Colonial era (1808–1961)
editEstablishment of the British Crown Colony (1808)
editIn 1808, the British Crown Colony of Sierra Leone was founded, with Freetown serving as the capital of British West Africa. The city's population expanded rapidly with freed slaves, who established suburbs on the Freetown Peninsula. They were joined by West Indian and African soldiers who settled in Sierra Leone after fighting for Britain in the Napoleonic Wars.
Intervention and acquisition of the hinterland (1800s–1895)
editIn the early 1800s, Sierra Leone was a small colony extending a few kilometres (a few miles) up the peninsula from Freetown. The bulk of the territory that makes up present-day Sierra Leone was still the sovereign territory of indigenous peoples such as the Mende and Temne, and was little affected by the tiny population of the Colony. Over the course of the 19th century, that gradually changed: the British and Creoles in the Freetown area increased their involvement in—and their control over—the surrounding territory by engaging in trade, which was promoted and increased through treaty-making and military expeditions.
In their treaties with the native chiefs, the British were largely concerned with securing local peace so that commerce would not be interrupted. Typically, the British government agreed to pay a chief a stipend in return for a commitment from him to keep the peace with his neighbours; other specific commitments extracted from a chief might include keeping roads open, allowing the British to collect customs duties, and submitting disputes with his neighbours to British adjudication. In the decades following Britain's prohibition of the slave trade in 1807, the treaties sometimes also required chiefs to desist from slave-trading. Suppression of slave-trading and suppression of inter-chiefdom war went hand-in-hand because the trade thrived on the wars (and caused them). Thus, to the commercial reasons for pacification could be added anti-slavery ones.
When friendly persuasion failed to secure their interests, the British were not above (to borrow Carl von Clausewitz's phrase) "continuing diplomacy by other means". At least by the mid-1820s, the army and navy were going out from the Colony to attack chiefs whose behaviour did not conform to British dictates. In 1826, Governor Turner led troops to the Bum–Kittam area, captured two stockaded towns, burnt others, and declared a blockade on the coast as far as Cape Mount. This was partly an anti-slaving exercise and partly to punish the chief for refusing territory to the British. Later that year, acting-Governor Macaulay sent out an expedition which went up the Jong river and burned Commenda, a town belonging to a related chief. In 1829, the colonial authorities founded the Sierra Leone Police Corps. In 1890, this force was divided into the Civilian Police and the Frontier Police.[58]
The British developed a modus operandi which characterised their interventions throughout the century: army or frontier police, with naval support if possible, would bombard a town and then usually torch it after the defenders had fled or been defeated.

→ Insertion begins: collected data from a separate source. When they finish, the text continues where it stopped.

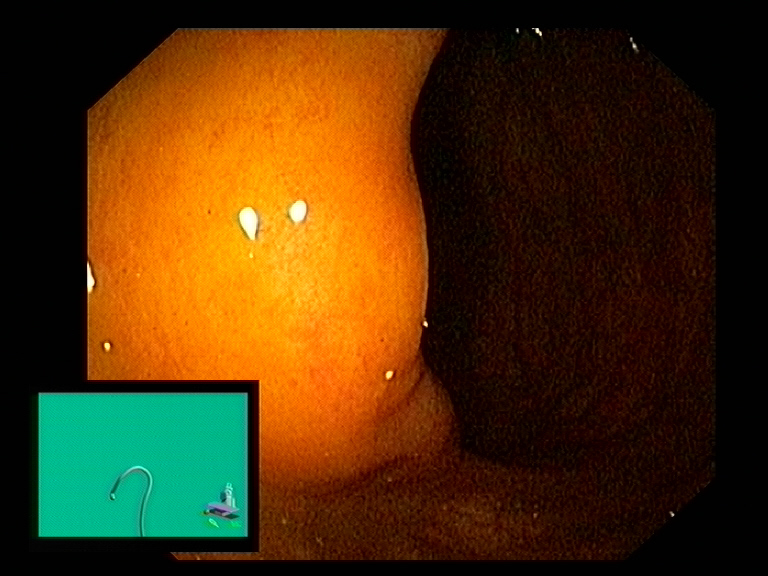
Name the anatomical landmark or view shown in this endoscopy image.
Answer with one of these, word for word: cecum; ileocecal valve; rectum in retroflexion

ileocecal valve
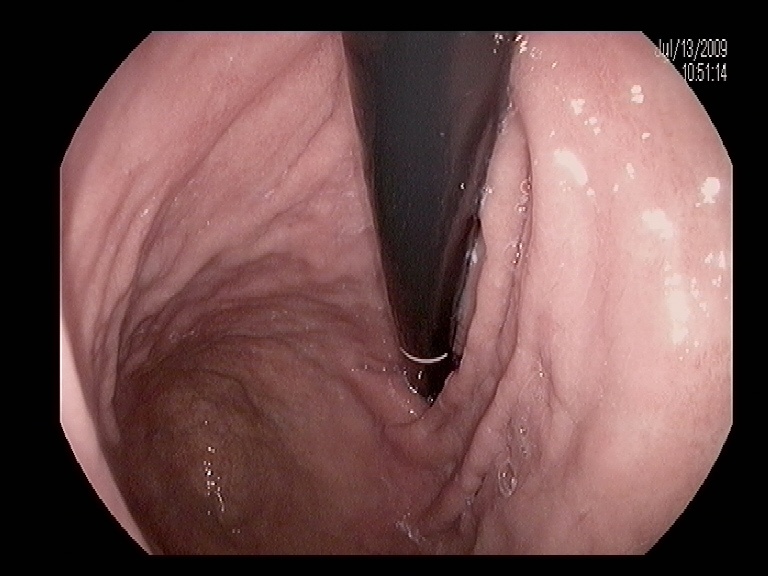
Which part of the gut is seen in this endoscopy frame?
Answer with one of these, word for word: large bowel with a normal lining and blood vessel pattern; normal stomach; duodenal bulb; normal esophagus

normal stomach
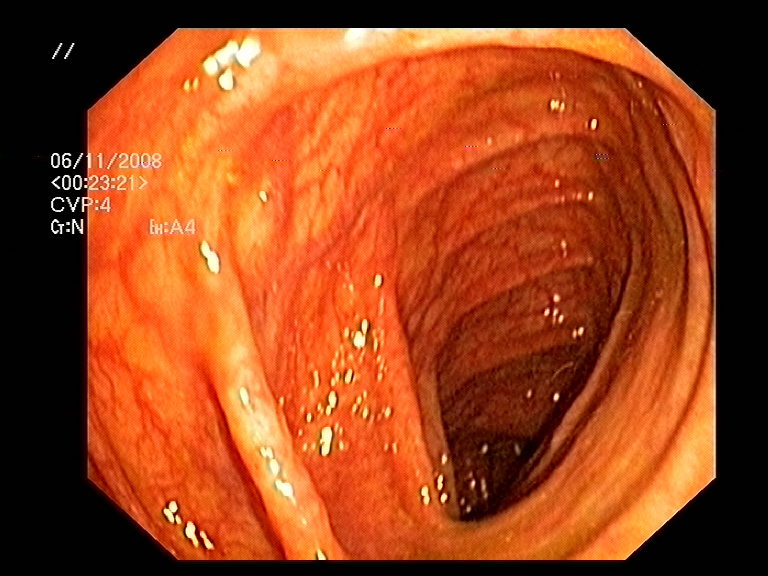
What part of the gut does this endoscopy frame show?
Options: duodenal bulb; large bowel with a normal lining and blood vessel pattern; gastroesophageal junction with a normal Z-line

large bowel with a normal lining and blood vessel pattern

Where possible, local enemies of the party being attacked were invited by the British to accompany them as allies.
In the 1880s, Britain's intervention in the hinterland received added impetus because of the "Scramble for Africa": an intense competition between the European powers for territory in Africa. In this case, the rival was France. To forestall French incursion into what they had come to consider as their own sphere, the British government renewed efforts to finalise a boundary agreement with France and on 1 January 1890 instructed Governor Hay in Sierra Leone to get from chiefs in the boundary area friendship treaties containing a clause forbidding them to treat with another European power without British consent.[59]
Consequently, in 1890 and 1891 Hay and two travelling commissioners, Garrett and Alldridge, went on extensive tours of what is now Sierra Leone obtaining treaties from chiefs. Most of these were not, however, treaties of cession; they were in the form of cooperative agreements between two sovereign powers.
In January 1895, a boundary agreement was signed in Paris, roughly fixing the line between French Guinea and Sierra Leone. The exact line was to be determined by surveyors. As Christopher Fyfe notes, "The delimitation was made almost entirely in geographical terms—rivers, watersheds, parallels—not political. Samu chiefdom, for instance, was divided; the people on the frontier had to opt for farms on one side or villages on the other."[60]
More generally, the arbitrary lumping-together of disparate native peoples into geographical units decided by the colonial powers has been an ongoing source of trouble throughout Africa. These geographical units are now attempting to function as nations but are not naturally nations, being composed in many cases of peoples who are traditional enemies. In Sierra Leone, for example, the Mende, Temne and Creoles remain as rival power blocs between whom lines of fission easily emerge.
Establishment of the British Protectorate and further land acquisition (1895)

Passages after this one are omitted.